Rookie running back Corey Clement is ready for his close up. It may come Sunday against the 0-2 Giants.

Philadelphia Eagles running back Corey Clement (30) makes a catch during warmups before an NFL football game in Kansas City, Mo., Sunday, Sept. 17, 2017.
Philadelphia Eagles running back Corey Clement (30) makes a catch during warmups before an NFL football game in Kansas City, Mo., Sunday, Sept. 17, 2017.Read more(AP Photo/Ed Zurga)

Corey Clement is making steady progress as an NFL rookie.

On the first play of his first game with the Eagles two weeks ago, the undrafted rookie running back from Glassboro, N.J., by way of the University of Wisconsin sped down the field and dropped Redskins kick returner Bashaud Breeland at the 16-yard line.

"I was wired up,'' Clement said. "I was so happy to be playing in my first NFL game. You can only imagine what was going through my head. I used to watch these games on Sunday. Now, I'm playing in them.''

Last week, Clement got his first offensive snap. He entered the game with five minutes left in the second quarter and ran a play fake on second-and-4.

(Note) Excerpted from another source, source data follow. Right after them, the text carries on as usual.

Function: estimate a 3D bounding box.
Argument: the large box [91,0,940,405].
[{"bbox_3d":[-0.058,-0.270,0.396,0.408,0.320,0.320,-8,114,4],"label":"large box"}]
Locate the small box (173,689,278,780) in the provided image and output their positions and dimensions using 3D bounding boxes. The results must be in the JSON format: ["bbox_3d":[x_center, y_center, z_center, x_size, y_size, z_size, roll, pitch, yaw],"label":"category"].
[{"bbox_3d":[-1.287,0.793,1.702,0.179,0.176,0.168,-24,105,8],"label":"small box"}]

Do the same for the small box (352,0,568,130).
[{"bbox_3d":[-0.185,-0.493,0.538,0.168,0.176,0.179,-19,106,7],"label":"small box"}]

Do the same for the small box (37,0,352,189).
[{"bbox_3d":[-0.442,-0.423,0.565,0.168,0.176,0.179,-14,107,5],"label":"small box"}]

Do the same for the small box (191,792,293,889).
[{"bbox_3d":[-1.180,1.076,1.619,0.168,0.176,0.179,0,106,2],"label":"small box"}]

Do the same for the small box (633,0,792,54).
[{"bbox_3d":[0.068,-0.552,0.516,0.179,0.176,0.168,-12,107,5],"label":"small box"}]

This week, there is a very good chance that Clement will get the first of what he hopes will be many NFL carries.

Head coach Doug Pederson declared his team's running back-by-committee ground game broken after Sunday's 27-20 loss to the Kansas City Chiefs. That could open the door for Clement.

"I hope so,'' he said Wednesday. "But it's all up to the coaches. I'm always going to be ready. Whatever they throw at me … I hope they give me a shot. I always want to prove something. I don't think there's any harm in me wanting to get the ball. It shows my desire to want to put the team in a positive light.''

The Eagles need somebody to put their ground game in a positive light. In the first two games, just 33 of their 134 offensive plays, or 24.6 percent, have been called running plays.

Running backs had just 13 carries Sunday in a game in which they never trailed by more than three points until there were 6½ minutes left. Darren Sproles had 10 of those carries for 48 yards but ran the ball just three times in the second half.

Pederson doesn't want to give the 34-year-old Sproles 10 carries a game. He'd prefer to use him more as a receiver and less as a runner. But somebody else has to step up.

LeGarrette Blount had 14 carries for 46 yards against the Redskins but had no carries Sunday and played a grand total of six offensive snaps. Wendell Smallwood has just 8 yards on seven carries and two catches for 2 yards.

Eagles running backs coach Duce Staley is a big fan of Clement.

"He does it all well," Staley said a few weeks ago. "He reminds me of one of those old-school Honda Accords. You can put a lot of miles on them and they're going to be consistent. And that's what he's been.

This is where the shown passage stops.